In the records below, find every line with the word "Loon" and copy it.

[Data entries]

Content starts

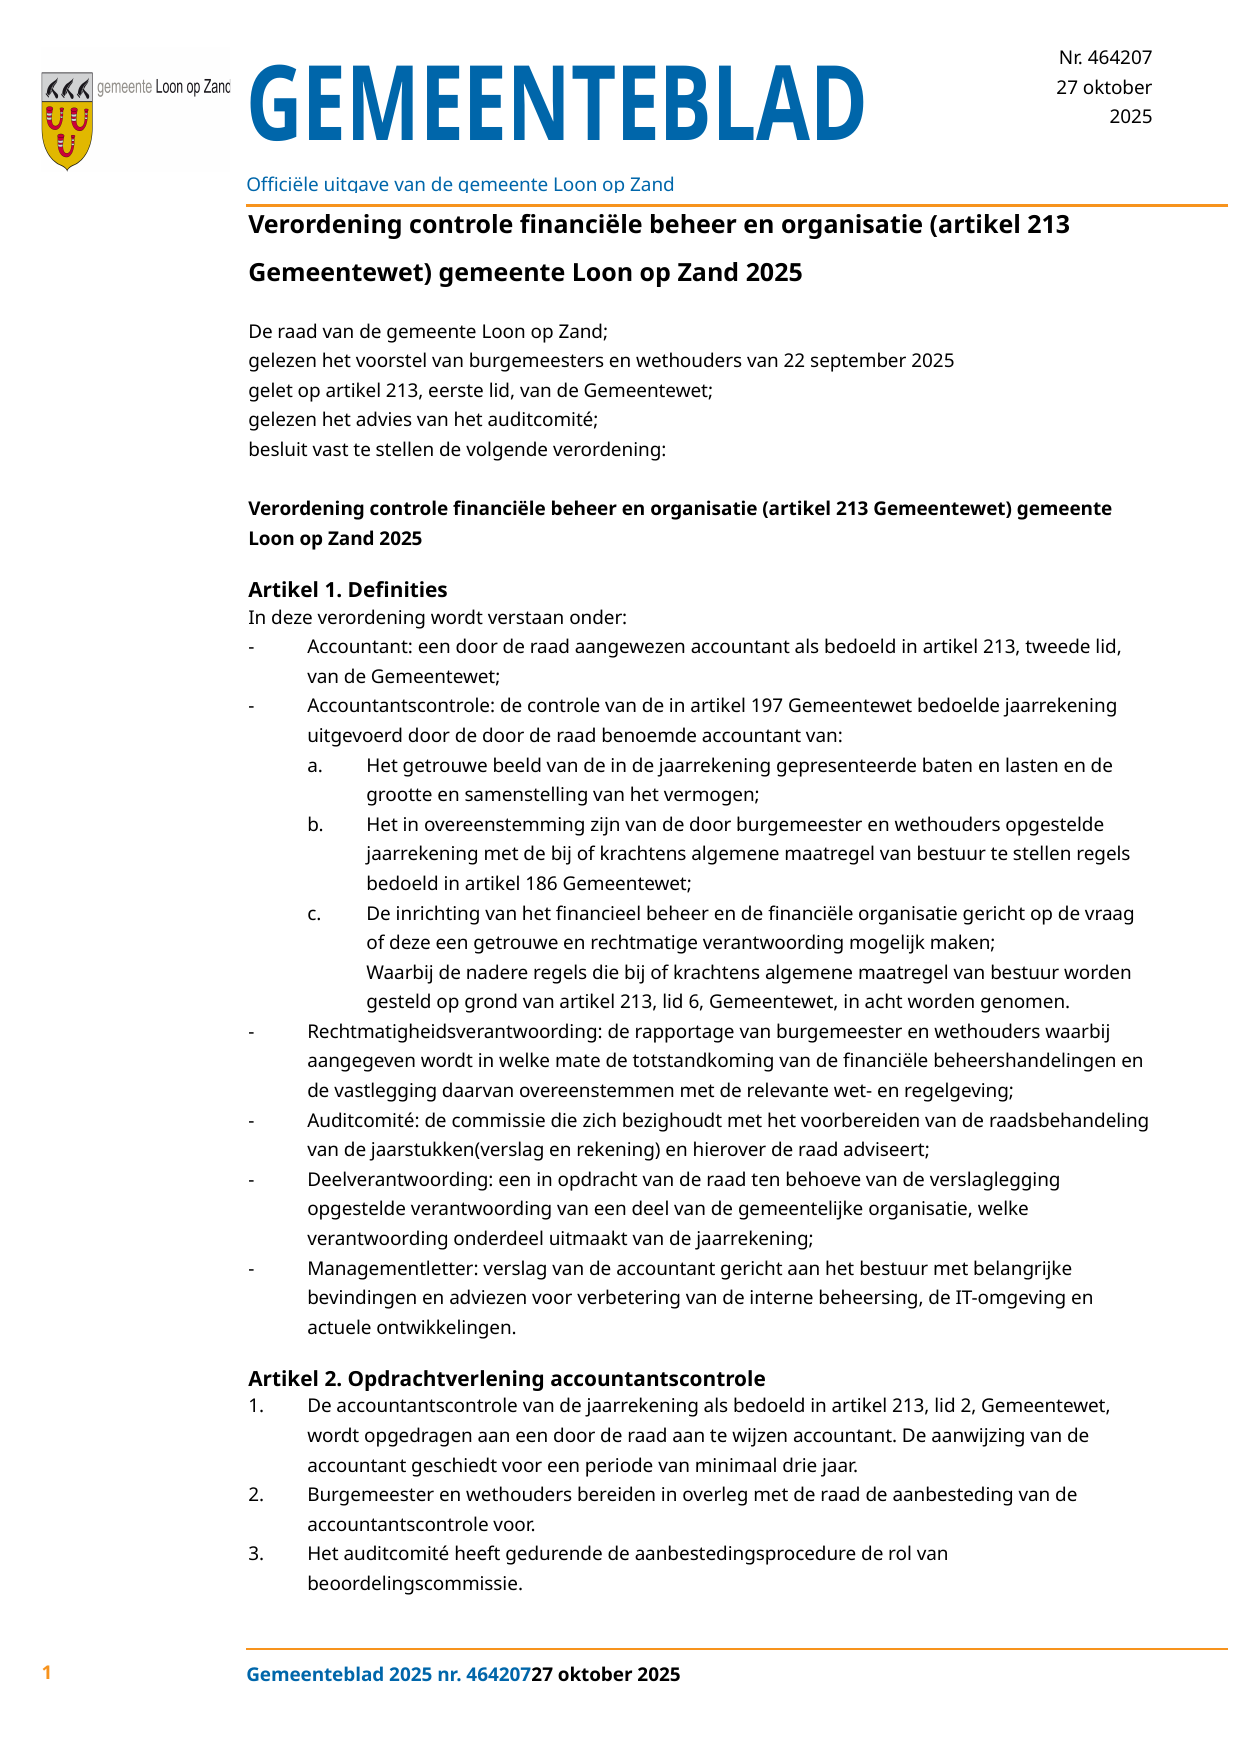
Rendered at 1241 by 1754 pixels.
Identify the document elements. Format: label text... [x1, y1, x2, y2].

list Het auditcomité heeft gedurende de aanbestedingsprocedure de rol van beoordelingscommissie. [248, 1541, 1152, 1596]
text gelezen het advies van het auditcomité; [248, 407, 1152, 432]
text Verordening controle financiële beheer en organisatie (artikel 213 Gemeentewet) gemeente Loon op Zand 2025 [248, 207, 1152, 288]
text gelezen het voorstel van burgemeesters en wethouders van 22 september 2025 [248, 347, 1152, 373]
list Auditcomité: de commissie die zich bezighoudt met het voorbereiden van de raadsbehandeling van de jaarstukken(verslag en rekening) en hierover de raad adviseert; [248, 1107, 1152, 1162]
text gelet op artikel 213, eerste lid, van de Gemeentewet; [248, 377, 1152, 403]
text Artikel 1. Definities [248, 575, 1152, 604]
list Accountantscontrole: de controle van de in artikel 197 Gemeentewet bedoelde jaarrekening uitgevoerd door de door de raad benoemde accountant van: [248, 693, 1152, 748]
list Managementletter: verslag van de accountant gericht aan het bestuur met belangrijke bevindingen en adviezen voor verbetering van de interne beheersing, de IT-omgeving en actuele ontwikkelingen. [248, 1255, 1152, 1339]
list De inrichting van het financieel beheer en de financiële organisatie gericht op de vraag of deze een getrouwe en rechtmatige verantwoording mogelijk maken; [307, 900, 1152, 955]
text besluit vast te stellen de volgende verordening: [248, 436, 1152, 462]
list Burgemeester en wethouders bereiden in overleg met de raad de aanbesteding van de accountantscontrole voor. [248, 1481, 1152, 1537]
list De accountantscontrole van de jaarrekening als bedoeld in artikel 213, lid 2, Gemeentewet, wordt opgedragen aan een door de raad aan te wijzen accountant. De aanwijzing van de accountant geschiedt voor een periode van minimaal drie jaar. [248, 1393, 1152, 1478]
text Artikel 2. Opdrachtverlening accountantscontrole [248, 1364, 1152, 1393]
list Accountant: een door de raad aangewezen accountant als bedoeld in artikel 213, tweede lid, van de Gemeentewet; [248, 633, 1152, 689]
picture [41, 47, 231, 172]
text In deze verordening wordt verstaan onder: [248, 604, 1152, 629]
text Verordening controle financiële beheer en organisatie (artikel 213 Gemeentewet) gemeente Loon op Zand 2025 [248, 495, 1152, 551]
list Waarbij de nadere regels die bij of krachtens algemene maatregel van bestuur worden gesteld op grond van artikel 213, lid 6, Gemeentewet, in acht worden genomen. [307, 959, 1152, 1014]
list Deelverantwoording: een in opdracht van de raad ten behoeve van de verslaglegging opgestelde verantwoording van een deel van de gemeentelijke organisatie, welke verantwoording onderdeel uitmaakt van de jaarrekening; [248, 1166, 1152, 1251]
list Het in overeenstemming zijn van de door burgemeester en wethouders opgestelde jaarrekening met de bij of krachtens algemene maatregel van bestuur te stellen regels bedoeld in artikel 186 Gemeentewet; [307, 811, 1152, 896]
list Rechtmatigheidsverantwoording: de rapportage van burgemeester en wethouders waarbij aangegeven wordt in welke mate de totstandkoming van de financiële beheershandelingen en de vastlegging daarvan overeenstemmen met de relevante wet- en regelgeving; [248, 1018, 1152, 1103]
text De raad van de gemeente Loon op Zand; [248, 318, 1152, 344]
list Het getrouwe beeld van de in de jaarrekening gepresenteerde baten en lasten en de grootte en samenstelling van het vermogen; [307, 752, 1152, 807]

Content ends

§ **Task output**:
text Verordening controle financiële beheer en organisatie (artikel 213 Gemeentewet) gemeente Loon op Zand 2025 [248, 207, 1152, 288]
text Verordening controle financiële beheer en organisatie (artikel 213 Gemeentewet) gemeente Loon op Zand 2025 [248, 495, 1152, 551]
text De raad van de gemeente Loon op Zand; [248, 318, 1152, 344]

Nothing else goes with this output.